Output exactly the lines below, starting with the line that has "Q4. Ray query, line" and going on through the line that has "P2: stops at z = 12", both included, and no other lines.

++++++

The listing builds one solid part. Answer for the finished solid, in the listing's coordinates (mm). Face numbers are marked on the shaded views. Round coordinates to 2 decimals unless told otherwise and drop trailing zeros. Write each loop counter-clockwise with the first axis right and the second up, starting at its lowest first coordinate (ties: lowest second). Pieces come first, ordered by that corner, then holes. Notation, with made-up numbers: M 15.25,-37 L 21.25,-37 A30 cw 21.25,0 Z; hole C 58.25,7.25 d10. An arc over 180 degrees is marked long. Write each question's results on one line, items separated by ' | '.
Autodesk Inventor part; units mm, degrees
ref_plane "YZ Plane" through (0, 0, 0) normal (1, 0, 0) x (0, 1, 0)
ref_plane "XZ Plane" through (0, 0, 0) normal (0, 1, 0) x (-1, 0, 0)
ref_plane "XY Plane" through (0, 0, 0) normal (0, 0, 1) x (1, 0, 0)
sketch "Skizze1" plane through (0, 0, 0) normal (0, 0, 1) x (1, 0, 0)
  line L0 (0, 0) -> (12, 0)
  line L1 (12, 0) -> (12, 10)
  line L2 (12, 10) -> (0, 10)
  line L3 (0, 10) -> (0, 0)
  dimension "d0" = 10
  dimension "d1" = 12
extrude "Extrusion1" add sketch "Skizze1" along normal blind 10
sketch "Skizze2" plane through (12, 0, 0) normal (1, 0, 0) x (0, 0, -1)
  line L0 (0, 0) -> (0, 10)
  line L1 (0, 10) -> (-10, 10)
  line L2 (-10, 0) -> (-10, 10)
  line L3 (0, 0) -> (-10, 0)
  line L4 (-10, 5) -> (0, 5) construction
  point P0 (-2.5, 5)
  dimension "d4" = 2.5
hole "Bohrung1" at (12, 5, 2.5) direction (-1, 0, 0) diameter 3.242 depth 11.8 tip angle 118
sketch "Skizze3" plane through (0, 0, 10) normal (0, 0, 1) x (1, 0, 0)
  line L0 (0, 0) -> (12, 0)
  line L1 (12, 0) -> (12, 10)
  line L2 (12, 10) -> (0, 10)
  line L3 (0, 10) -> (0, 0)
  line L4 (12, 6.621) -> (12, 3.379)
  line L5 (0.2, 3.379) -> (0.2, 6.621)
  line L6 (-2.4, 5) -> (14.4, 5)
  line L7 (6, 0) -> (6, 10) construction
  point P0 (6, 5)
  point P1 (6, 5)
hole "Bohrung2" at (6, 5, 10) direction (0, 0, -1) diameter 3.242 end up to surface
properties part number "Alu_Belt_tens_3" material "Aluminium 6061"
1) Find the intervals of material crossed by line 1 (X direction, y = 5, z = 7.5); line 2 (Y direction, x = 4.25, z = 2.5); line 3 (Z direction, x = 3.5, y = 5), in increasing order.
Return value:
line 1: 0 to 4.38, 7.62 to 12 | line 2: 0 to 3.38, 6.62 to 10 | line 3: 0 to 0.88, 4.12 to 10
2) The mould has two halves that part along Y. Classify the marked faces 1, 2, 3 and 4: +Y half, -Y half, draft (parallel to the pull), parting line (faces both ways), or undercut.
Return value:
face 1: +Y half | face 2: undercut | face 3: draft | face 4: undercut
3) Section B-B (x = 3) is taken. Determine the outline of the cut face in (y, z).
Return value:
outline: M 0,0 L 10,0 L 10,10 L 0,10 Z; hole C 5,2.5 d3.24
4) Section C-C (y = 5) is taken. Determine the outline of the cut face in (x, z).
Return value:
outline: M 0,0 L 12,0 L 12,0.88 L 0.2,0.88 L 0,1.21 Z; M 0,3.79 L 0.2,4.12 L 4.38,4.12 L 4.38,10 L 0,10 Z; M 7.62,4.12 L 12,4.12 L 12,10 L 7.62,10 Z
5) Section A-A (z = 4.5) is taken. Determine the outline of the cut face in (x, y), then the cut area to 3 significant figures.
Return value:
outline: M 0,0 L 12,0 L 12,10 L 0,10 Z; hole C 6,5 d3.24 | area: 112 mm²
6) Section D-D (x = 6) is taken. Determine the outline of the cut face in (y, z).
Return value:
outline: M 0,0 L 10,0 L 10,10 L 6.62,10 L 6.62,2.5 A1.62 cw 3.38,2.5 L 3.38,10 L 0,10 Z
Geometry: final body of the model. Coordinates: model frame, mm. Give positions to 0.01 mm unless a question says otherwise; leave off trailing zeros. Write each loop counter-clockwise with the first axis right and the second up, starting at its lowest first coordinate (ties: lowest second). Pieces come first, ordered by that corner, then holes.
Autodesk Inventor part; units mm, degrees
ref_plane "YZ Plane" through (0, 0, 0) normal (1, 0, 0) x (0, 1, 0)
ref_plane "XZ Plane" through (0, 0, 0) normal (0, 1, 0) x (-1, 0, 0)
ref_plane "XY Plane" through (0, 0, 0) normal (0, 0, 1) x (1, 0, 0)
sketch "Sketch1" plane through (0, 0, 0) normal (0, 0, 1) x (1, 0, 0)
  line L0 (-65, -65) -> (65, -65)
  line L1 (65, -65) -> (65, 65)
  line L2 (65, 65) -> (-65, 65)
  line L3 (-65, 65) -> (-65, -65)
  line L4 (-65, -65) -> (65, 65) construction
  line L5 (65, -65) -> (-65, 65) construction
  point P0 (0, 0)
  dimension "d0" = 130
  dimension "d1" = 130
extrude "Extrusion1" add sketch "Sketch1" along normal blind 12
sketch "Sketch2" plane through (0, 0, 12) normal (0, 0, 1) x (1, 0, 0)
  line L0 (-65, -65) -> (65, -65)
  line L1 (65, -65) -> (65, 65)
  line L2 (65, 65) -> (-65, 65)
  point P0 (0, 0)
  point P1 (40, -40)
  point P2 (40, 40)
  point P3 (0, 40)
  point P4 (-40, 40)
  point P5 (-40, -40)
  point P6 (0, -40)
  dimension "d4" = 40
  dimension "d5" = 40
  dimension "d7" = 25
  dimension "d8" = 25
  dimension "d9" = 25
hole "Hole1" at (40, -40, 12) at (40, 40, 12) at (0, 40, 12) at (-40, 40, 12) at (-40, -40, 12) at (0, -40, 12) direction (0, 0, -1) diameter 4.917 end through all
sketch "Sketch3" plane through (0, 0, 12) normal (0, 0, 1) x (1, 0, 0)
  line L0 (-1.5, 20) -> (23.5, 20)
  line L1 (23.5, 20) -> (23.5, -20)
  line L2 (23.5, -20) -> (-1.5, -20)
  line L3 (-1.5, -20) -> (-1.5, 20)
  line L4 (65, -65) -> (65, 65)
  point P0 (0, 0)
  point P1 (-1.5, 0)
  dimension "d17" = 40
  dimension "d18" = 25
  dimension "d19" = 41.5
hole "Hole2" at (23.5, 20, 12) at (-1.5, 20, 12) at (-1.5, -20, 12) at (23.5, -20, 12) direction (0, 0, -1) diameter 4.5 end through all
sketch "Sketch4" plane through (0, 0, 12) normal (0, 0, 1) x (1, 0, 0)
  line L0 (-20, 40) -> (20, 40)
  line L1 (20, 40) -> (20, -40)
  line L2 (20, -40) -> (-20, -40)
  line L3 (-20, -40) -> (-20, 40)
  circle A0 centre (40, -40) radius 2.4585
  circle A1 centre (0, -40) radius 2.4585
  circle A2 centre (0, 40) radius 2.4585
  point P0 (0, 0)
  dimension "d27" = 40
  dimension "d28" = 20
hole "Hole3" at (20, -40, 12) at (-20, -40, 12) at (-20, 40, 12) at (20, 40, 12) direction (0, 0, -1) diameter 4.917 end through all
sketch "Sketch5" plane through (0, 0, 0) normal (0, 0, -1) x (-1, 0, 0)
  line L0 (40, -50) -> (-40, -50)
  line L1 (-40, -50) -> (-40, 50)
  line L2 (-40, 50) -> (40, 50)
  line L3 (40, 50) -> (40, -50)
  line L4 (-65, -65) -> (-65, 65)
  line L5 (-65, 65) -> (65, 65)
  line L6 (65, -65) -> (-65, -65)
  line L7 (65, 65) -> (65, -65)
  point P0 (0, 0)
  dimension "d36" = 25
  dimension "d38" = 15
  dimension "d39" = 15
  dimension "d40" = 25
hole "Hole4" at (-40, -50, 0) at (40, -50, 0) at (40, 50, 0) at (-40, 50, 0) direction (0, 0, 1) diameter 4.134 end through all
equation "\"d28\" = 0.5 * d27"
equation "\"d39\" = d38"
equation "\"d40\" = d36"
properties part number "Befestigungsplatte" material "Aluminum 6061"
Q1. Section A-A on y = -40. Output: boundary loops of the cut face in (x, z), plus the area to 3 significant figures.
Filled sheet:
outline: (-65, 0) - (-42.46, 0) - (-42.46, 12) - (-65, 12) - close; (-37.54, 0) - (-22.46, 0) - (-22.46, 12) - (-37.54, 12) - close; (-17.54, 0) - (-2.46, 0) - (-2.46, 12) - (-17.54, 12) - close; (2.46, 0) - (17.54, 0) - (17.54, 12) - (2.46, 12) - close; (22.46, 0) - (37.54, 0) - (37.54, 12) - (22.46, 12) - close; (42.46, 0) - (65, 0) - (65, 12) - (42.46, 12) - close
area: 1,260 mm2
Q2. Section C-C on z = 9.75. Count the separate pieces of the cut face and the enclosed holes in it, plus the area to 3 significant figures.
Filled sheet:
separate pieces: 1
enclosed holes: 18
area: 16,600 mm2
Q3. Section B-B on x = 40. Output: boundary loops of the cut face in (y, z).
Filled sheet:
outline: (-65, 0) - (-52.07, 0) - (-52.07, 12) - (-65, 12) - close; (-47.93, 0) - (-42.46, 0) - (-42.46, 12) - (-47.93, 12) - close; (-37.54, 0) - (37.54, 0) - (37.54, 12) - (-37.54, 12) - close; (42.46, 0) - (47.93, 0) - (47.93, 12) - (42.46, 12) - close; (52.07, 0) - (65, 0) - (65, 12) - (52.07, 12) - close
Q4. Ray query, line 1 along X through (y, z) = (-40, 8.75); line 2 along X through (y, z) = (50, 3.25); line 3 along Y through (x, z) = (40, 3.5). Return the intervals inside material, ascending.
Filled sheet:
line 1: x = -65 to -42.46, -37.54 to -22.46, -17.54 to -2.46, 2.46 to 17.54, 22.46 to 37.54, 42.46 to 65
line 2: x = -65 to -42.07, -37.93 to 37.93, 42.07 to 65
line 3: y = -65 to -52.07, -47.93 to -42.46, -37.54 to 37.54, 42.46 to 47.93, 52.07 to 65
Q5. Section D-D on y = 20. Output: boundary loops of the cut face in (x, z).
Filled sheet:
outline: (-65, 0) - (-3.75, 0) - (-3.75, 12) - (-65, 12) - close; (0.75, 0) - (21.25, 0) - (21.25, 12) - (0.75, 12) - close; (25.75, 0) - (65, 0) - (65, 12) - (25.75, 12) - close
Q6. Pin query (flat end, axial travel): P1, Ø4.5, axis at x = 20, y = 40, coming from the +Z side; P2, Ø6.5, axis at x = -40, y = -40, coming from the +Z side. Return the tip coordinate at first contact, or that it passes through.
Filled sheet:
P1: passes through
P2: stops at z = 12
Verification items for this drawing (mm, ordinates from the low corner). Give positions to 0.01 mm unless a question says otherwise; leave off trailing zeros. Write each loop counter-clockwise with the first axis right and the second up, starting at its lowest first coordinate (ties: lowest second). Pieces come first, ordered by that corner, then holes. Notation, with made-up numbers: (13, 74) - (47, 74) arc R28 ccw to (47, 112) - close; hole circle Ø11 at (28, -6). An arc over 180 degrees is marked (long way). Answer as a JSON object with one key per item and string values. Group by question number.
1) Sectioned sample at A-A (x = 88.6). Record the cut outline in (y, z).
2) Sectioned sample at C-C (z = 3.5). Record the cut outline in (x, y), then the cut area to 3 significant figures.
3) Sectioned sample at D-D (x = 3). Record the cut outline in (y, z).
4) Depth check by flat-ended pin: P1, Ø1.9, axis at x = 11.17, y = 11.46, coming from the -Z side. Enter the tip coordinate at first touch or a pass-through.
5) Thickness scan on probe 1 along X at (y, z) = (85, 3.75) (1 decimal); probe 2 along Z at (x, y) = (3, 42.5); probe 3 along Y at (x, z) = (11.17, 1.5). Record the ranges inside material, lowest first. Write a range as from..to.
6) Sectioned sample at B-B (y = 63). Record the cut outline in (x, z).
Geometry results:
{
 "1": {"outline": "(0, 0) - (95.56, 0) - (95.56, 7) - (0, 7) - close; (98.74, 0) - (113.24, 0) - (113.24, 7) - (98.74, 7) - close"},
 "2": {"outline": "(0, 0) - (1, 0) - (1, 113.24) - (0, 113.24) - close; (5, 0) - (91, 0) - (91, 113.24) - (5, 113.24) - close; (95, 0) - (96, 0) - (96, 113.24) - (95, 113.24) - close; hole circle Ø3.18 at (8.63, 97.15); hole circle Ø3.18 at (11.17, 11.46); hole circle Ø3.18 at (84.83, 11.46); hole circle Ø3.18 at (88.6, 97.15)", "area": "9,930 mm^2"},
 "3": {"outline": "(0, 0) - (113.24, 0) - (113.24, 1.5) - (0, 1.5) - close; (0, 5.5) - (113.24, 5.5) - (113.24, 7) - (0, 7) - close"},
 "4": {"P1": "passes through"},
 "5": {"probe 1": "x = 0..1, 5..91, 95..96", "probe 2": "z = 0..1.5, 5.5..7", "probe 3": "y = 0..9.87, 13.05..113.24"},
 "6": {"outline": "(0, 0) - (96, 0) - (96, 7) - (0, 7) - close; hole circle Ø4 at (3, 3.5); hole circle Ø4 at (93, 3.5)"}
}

++++++

Exercise answer:
Q4. Ray query, line 1 along X through (y, z) = (-40, 8.75); line 2 along X through (y, z) = (50, 3.25); line 3 along Y through (x, z) = (40, 3.5). Return the intervals inside material, ascending.
Filled sheet:
line 1: x = -65 to -42.46, -37.54 to -22.46, -17.54 to -2.46, 2.46 to 17.54, 22.46 to 37.54, 42.46 to 65
line 2: x = -65 to -42.07, -37.93 to 37.93, 42.07 to 65
line 3: y = -65 to -52.07, -47.93 to -42.46, -37.54 to 37.54, 42.46 to 47.93, 52.07 to 65
Q5. Section D-D on y = 20. Output: boundary loops of the cut face in (x, z).
Filled sheet:
outline: (-65, 0) - (-3.75, 0) - (-3.75, 12) - (-65, 12) - close; (0.75, 0) - (21.25, 0) - (21.25, 12) - (0.75, 12) - close; (25.75, 0) - (65, 0) - (65, 12) - (25.75, 12) - close
Q6. Pin query (flat end, axial travel): P1, Ø4.5, axis at x = 20, y = 40, coming from the +Z side; P2, Ø6.5, axis at x = -40, y = -40, coming from the +Z side. Return the tip coordinate at first contact, or that it passes through.
Filled sheet:
P1: passes through
P2: stops at z = 12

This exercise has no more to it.